In conversation, the BCI-alignment connection people usually make is to propose using BCI for value learning. The general idea is that information about the brain could help us learn (approximations of) human value functions more effectively than language and behavior alone. The hope is that additional neural information could help constrain the set of possible value functions that could be learned. There might be gains from this additional information, whether or not it makes sense to think we could “read” the value representations in the brain.

While “value learning” is in some sense the most obvious connection to AI alignment, it's hard to say more about what this proposal would look like, in the absence of detailed ideas about the neuroscience of value representation and the state of art in value learning is. This is one of the key further questions in the final section.

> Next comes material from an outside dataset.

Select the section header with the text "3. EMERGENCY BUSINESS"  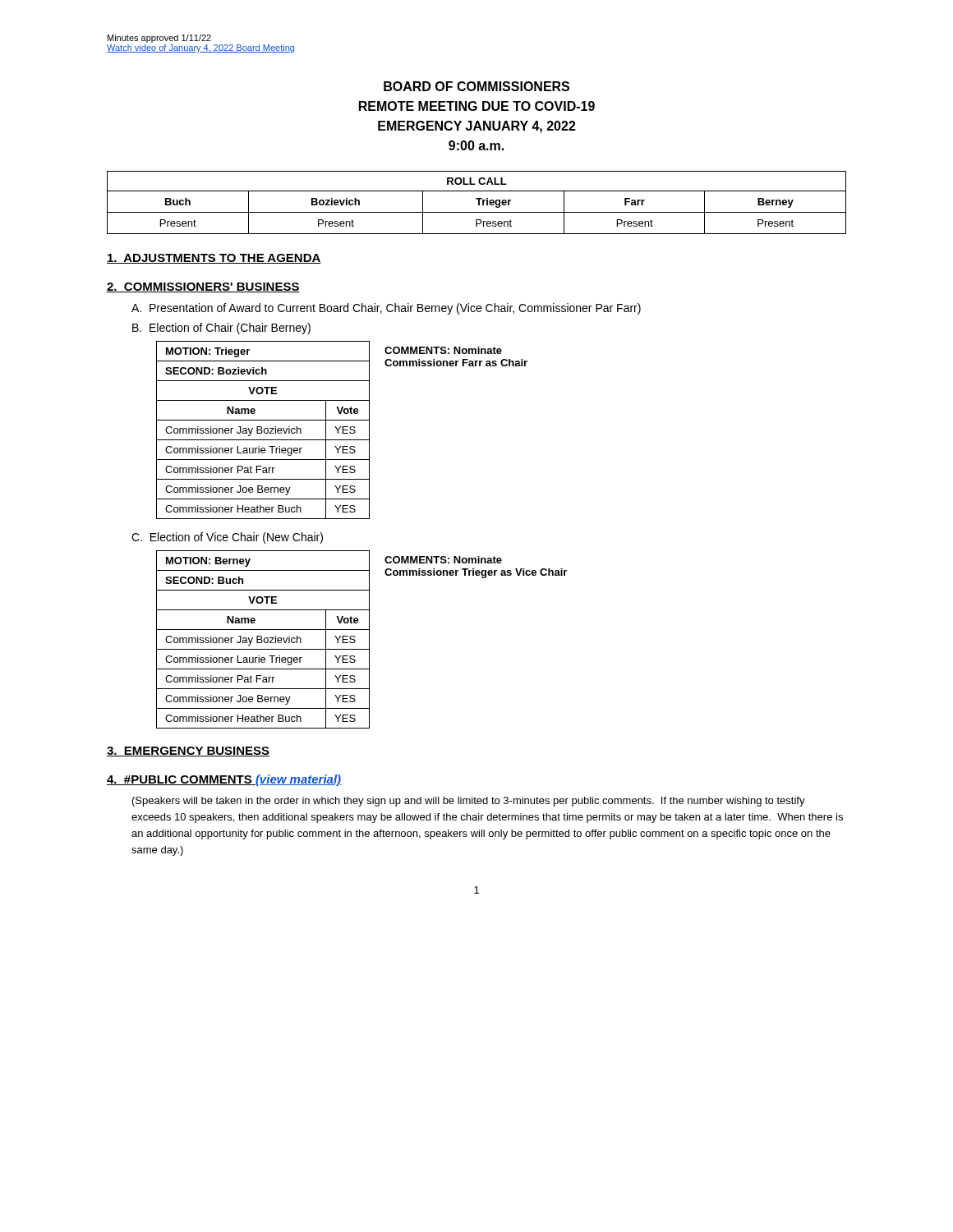(x=188, y=750)

Other sources of more data besides BCI

Of course, neural recording is not the only source of additional information about humans. Other examples include: video (and in particular, information about body language and facial expression), pupil dilation, heart rate monitoring, electrodermal activity. AI safety researchers I have spoken are not aware of any work that utilizes these sources - one reason being that there is just that there is so much more to explore using language alone, and this research is both cheaper and prima facie more promising than work incorporating these additional measures.

3. Future directions and open questions

As noted, all of these proposals are very sketchy. To evaluate their plausibility, we need: a clearer picture of the proposal, and a more fine-grained analysis of what level of BCI technology would be needed. Greater knowledge of neuroscience than I have would be helpful here (paging Steve Byrnes).

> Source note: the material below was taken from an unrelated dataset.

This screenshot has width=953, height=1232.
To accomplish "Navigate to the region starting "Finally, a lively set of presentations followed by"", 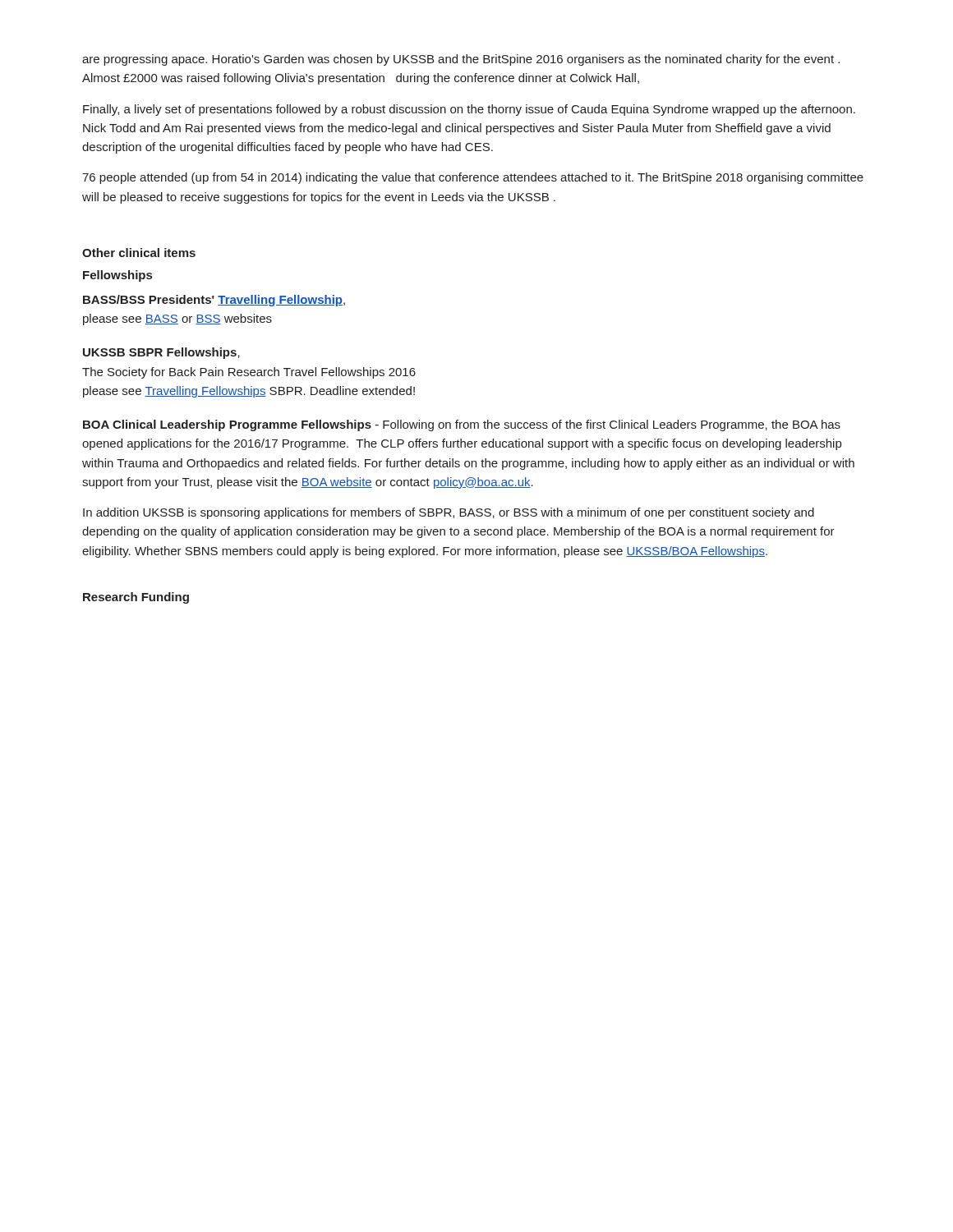I will click(x=469, y=128).

While there is a lot to be gained from more conceptual clarity, I do suspect that many key questions would only resolve in light of actually trying some experiments. Even with today’s limited BCI technologies, I surmise that we could learn a lot even with toy experiments using non-invasive techniques like fNIRs or EEG. That said, even a toy experiment would be rather expensive given the hardware required.

More generally, I hope this prompts more work on BCI. As Niplav has recently noted, writing about BCI in the AI strategy community is mostly cursory and scattered around the Internet.[5] Even if the AI safety community concludes that BCI technology is not likely to be strategically relevant at all, it would be good to have more clearly articulated reasons for why.[6]

Thanks to Evan Hubinger, Anders Sandberg, Steve Byrnes, and Oliver Habryka for discussion. Thanks to Miranda Dixon-Luinenburg and the LessWrong feedback service!


  1. I take this distinction from Borg and Sandberg (unpublished draft), who break down BCI relevance into “enhancement”, “merge”, and “improving our ability to accurately learn human values”. For my third category, I look at using BCI a few different alignment proposal, not just “learning human values”. ↩︎

  2. For intriguing examples of sensory augmentation, see Thomson et al. (2013) on using a neuroprosthesis to allow rats to see otherwise invisible infrared light, and Schumann and O'Reagan (2017) on a non-invasive method for training a ‘sense’ of magnetic North. ↩︎

  3. More quotes from Musk and Altman: this tweet by Musk. The essay "The merge" by Altman: "[U]nless we destroy ourselves first, superhuman AI is going to happen, genetic enhancement is going to happen, and brain-machine interfaces are going to happen....The merge can take a lot of forms: We could plug electrodes into our brains, or we could all just become really close friends with a chatbot. But I think a merge is probably our best-case scenario. If two different species both want the same thing and only one can have it—in this case, to be the dominant species on the planet and beyond—they are going to have conflict. We should all want one team where all members care about the well-being of everyone else." ↩︎

  4. Tim Urban’s Wait But Why article on Neuralink covers some of the proposed new methods and materials; “Physical principles for scalable neural recording” (2014) maps out the fundamental physical constraints facing neural recording technology. ↩︎

  5. The most extensive treatment of BCI in the AI safety literature is when Bostrom is pessimistic that BCI-enhanced humans would be competitive with “pure” AI in Superintelligence, ch. 2. These arguments do not directly apply to using BCI as an alignment aid. ↩︎

  6. Some further BCI research projects that could be useful: further evaluating the ‘enhancement’ and ‘merge’ proposals; a picture of the BCI landscape: the state of the art, current actors, amount of funding; forecasting future BCI capabilities; other ways BCI could be strategically relevant for AI: ‘mind-reading’, advancing neuroscience research (including consciousness research), political impacts. ↩︎

37

10 comments, sorted by Click to highlight new comments since: Today at 12:12 AM
New Comment

A few little nitpicks:

Scale: how much of the brain can we record from?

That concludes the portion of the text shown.